At the heart of Pixar is the Braintrust, a rolling group of the studio's best creative minds which helps guide every film during development. The group's members change, but it grew out of the core team who worked on Toy Story and now make up Pixar's most acclaimed directors: Lasseter, Andrew Stanton (director of Finding Nemo and Wall•E), Pete Docter (Monsters Inc, Up, Inside Out) and Lee Unkrich (Toy Story 3). (Joe Ranft, a founding member who directed Cars, died in 2005.)
"The Braintrust isn't a particular set of people. It's what we call the group that gets together to address a problem," Catmull says. It meets every 12 weeks; meetings start with a screening of the most recent cut of a film. After lunch, the Braintrust provides notes on what works, and what could be improved.

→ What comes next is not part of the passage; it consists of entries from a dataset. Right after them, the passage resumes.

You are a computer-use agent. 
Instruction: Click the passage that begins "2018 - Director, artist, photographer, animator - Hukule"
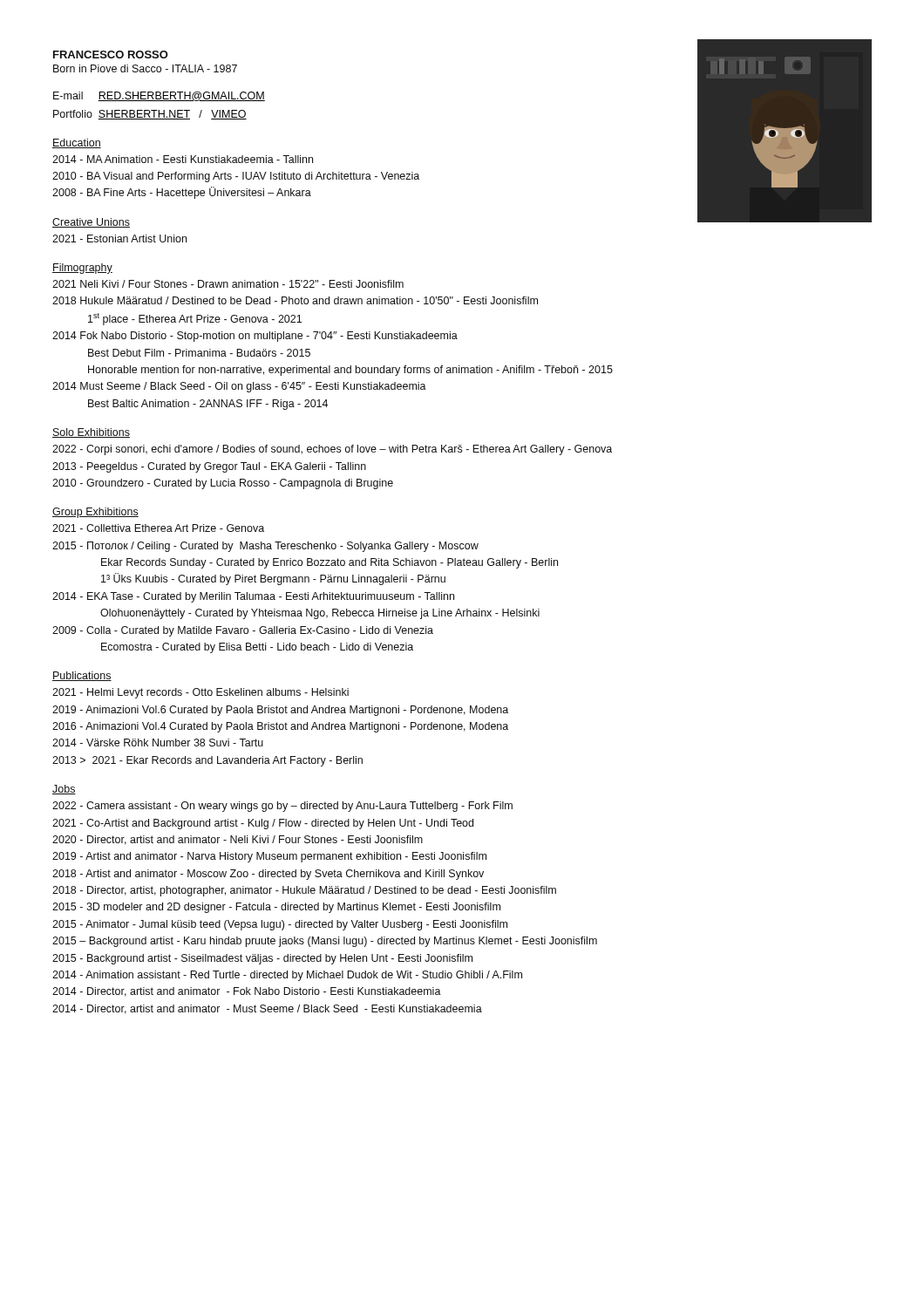tap(305, 890)
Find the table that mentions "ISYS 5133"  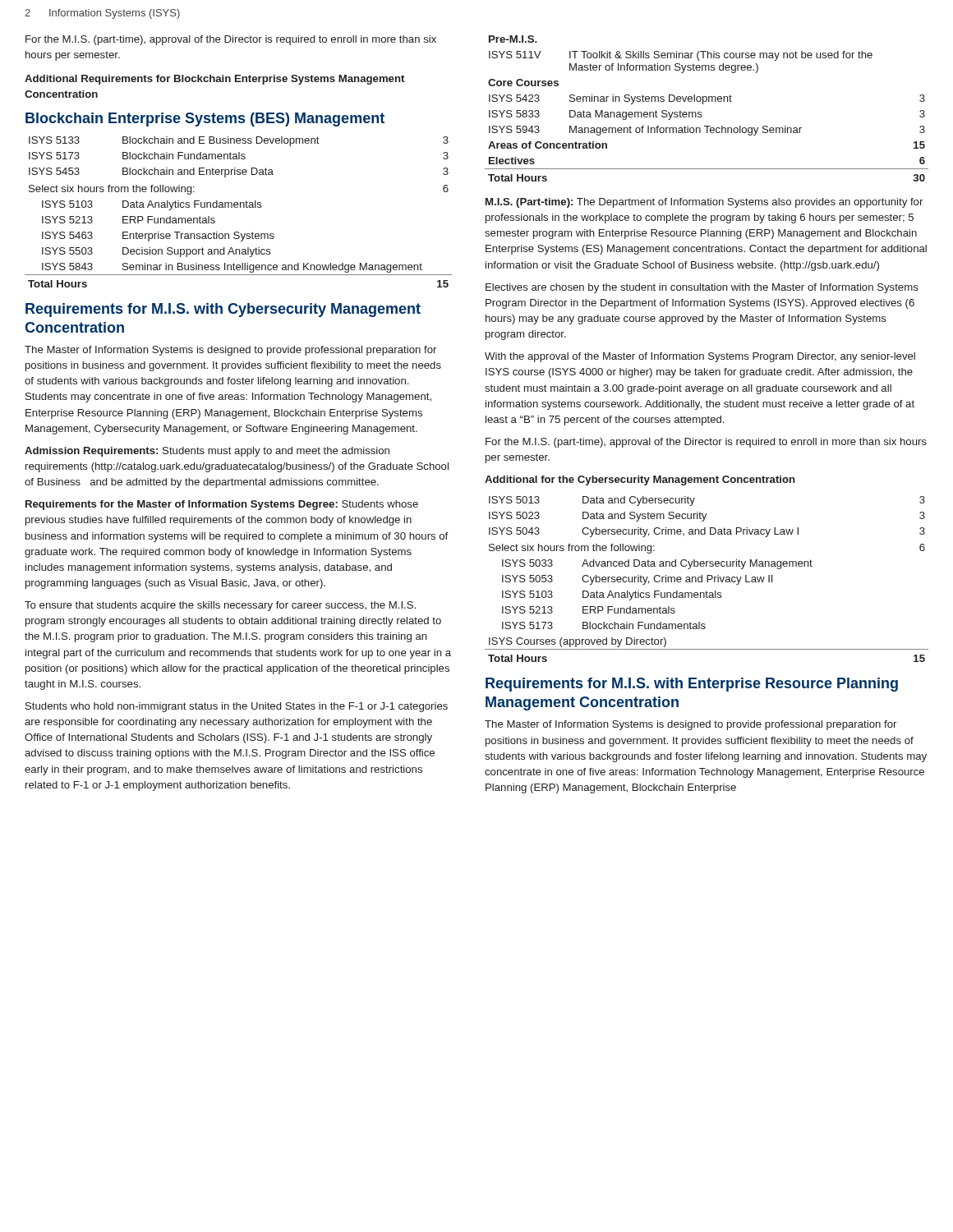[x=238, y=212]
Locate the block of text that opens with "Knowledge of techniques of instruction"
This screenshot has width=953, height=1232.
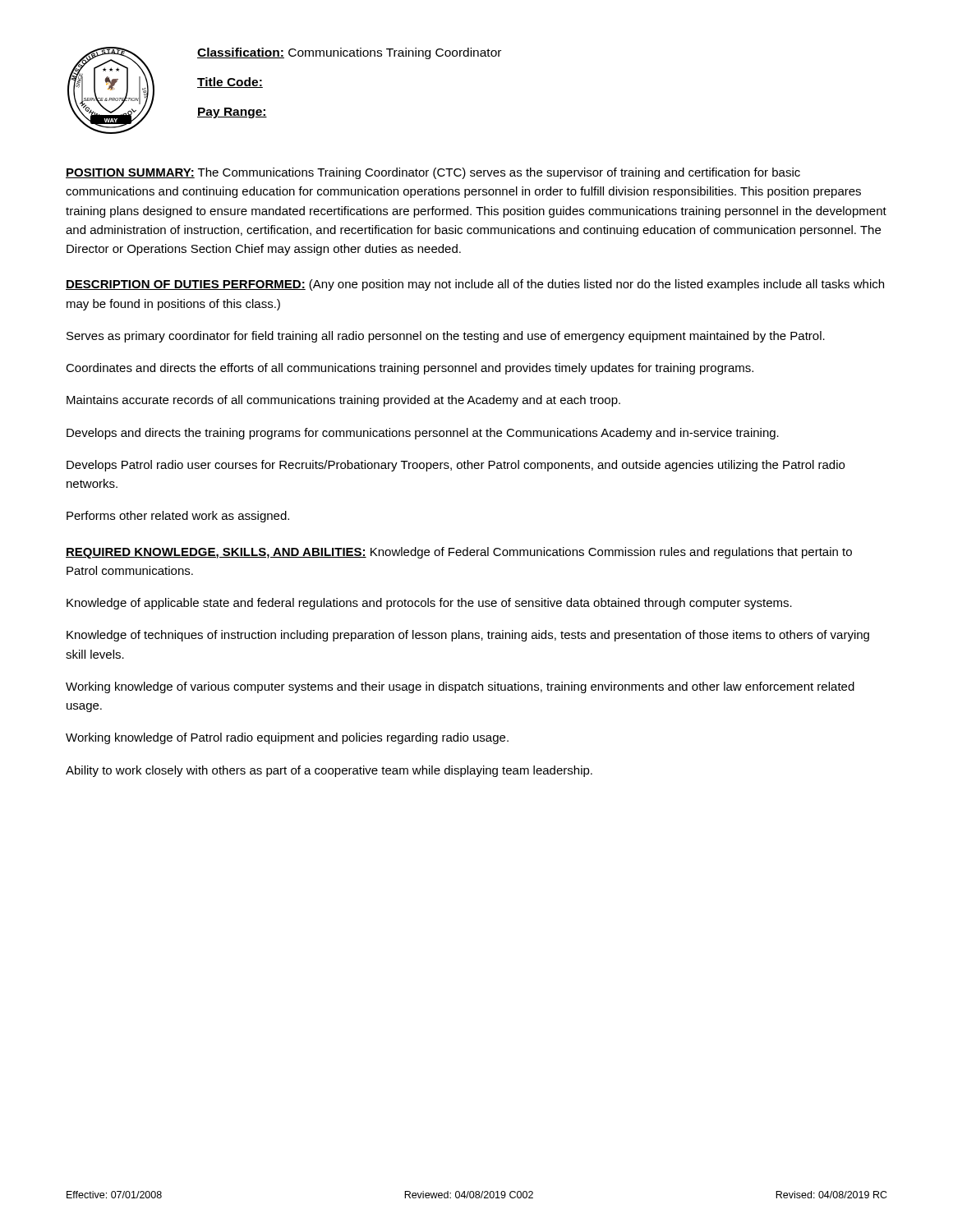pos(468,644)
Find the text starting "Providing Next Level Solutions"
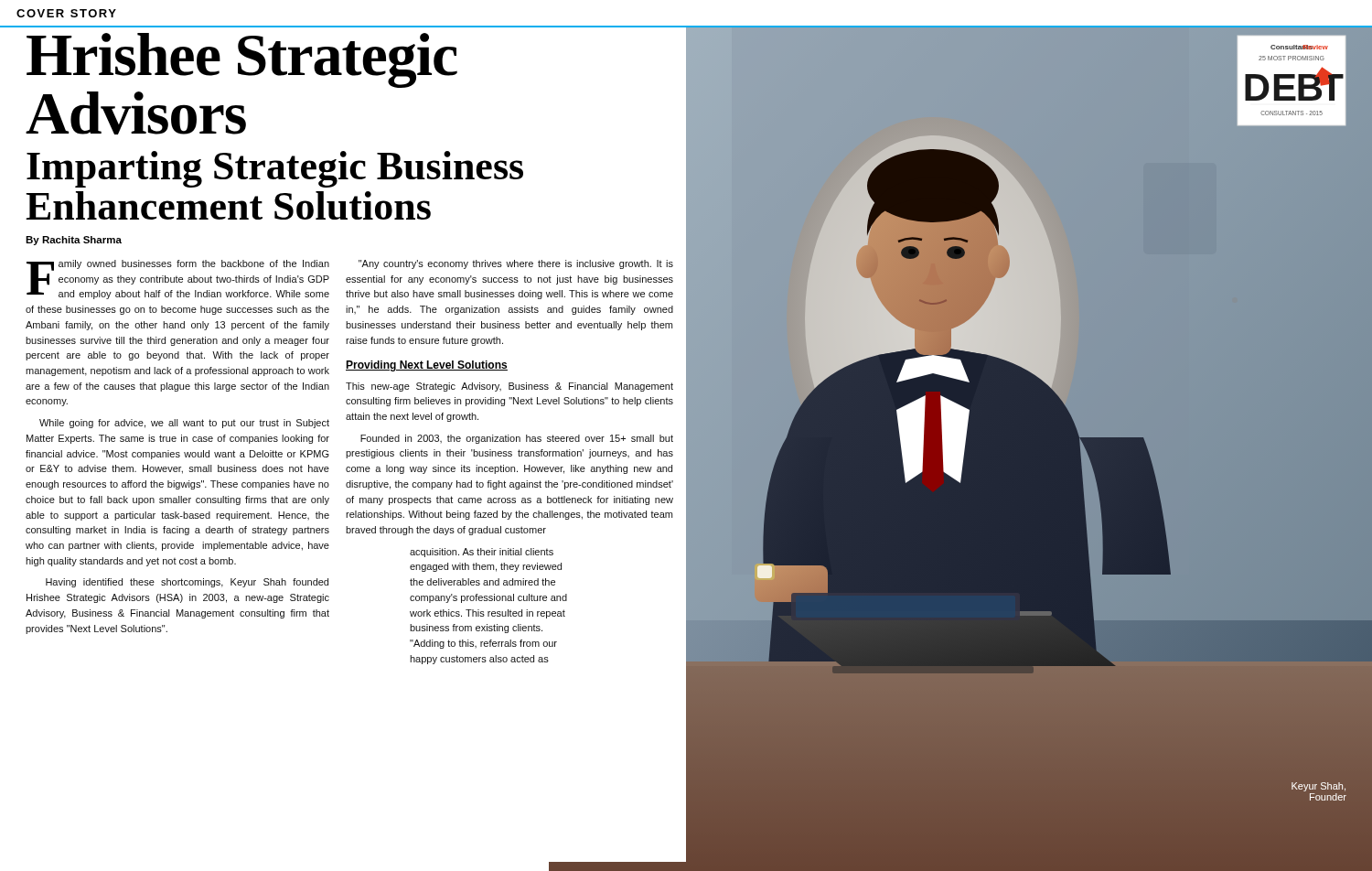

"The key thing is: no mandatory notes," says Lasseter. That foundation -- the fundamental principle of candid, constructive feedback -- goes back to Lasseter's early experiences with Disney "when it was still an executive-driven studio", where animators were given mandatory notes by high-ups.
"My note doesn't carry any more weight than an animator's. No one has individual ownership of an idea, because someone will spark something and you build upon it -- so then, at the end, what you have is this feeling that everybody has shared ownership, and being proud of the whole thing."